▸ **PROBLEM REQUIREMENTS**
Every line in the data below from the one containing "- person [886,735,962,1009]" down to the one containing "- person [1103,570,1190,790]", both included, must be retyped exactly; no other line is to appear.

==========

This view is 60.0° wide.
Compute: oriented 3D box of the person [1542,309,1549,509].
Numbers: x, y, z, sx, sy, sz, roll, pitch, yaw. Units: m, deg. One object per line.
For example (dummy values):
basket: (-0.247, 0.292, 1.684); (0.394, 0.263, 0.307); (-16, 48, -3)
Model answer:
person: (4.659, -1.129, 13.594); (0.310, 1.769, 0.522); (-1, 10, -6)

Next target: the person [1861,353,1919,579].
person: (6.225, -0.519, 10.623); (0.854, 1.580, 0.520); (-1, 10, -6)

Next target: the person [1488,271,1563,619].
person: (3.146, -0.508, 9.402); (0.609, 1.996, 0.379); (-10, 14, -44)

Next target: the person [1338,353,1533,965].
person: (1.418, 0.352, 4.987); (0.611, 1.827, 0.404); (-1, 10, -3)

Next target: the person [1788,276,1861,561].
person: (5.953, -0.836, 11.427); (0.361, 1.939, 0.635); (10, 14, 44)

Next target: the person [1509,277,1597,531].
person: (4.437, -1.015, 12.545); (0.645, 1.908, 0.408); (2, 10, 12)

==========

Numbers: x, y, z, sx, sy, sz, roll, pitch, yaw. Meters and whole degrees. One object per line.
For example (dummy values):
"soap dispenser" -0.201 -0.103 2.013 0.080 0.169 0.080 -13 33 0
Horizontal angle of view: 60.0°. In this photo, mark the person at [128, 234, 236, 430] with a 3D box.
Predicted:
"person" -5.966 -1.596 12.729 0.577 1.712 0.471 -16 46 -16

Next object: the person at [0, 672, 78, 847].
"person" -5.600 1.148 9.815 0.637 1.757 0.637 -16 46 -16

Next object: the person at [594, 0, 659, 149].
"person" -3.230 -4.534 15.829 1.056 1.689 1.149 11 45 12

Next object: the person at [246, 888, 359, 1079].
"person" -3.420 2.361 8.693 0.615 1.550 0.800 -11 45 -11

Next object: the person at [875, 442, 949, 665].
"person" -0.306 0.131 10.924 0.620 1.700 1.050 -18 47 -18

==========

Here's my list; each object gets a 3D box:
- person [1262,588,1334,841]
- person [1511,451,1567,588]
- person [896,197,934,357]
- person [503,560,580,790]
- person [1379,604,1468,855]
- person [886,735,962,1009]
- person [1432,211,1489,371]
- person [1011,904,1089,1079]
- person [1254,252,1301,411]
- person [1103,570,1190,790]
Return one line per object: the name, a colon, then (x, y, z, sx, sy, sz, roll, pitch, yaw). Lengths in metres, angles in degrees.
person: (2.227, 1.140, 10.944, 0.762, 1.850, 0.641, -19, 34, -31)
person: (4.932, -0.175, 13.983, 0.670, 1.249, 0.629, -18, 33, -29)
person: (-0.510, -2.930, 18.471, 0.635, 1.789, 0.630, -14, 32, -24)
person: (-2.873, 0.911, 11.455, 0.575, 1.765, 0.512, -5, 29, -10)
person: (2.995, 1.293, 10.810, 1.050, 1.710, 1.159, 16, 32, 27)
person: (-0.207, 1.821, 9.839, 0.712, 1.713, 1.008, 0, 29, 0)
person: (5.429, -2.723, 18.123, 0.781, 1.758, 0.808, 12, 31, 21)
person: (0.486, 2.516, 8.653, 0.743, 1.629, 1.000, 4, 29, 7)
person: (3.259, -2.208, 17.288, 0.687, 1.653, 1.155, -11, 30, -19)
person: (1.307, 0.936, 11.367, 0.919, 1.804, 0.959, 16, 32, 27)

==========

▸ **REPLY TO THE TASK**
- person [886,735,962,1009]
- person [1432,211,1489,371]
- person [1011,904,1089,1079]
- person [1254,252,1301,411]
- person [1103,570,1190,790]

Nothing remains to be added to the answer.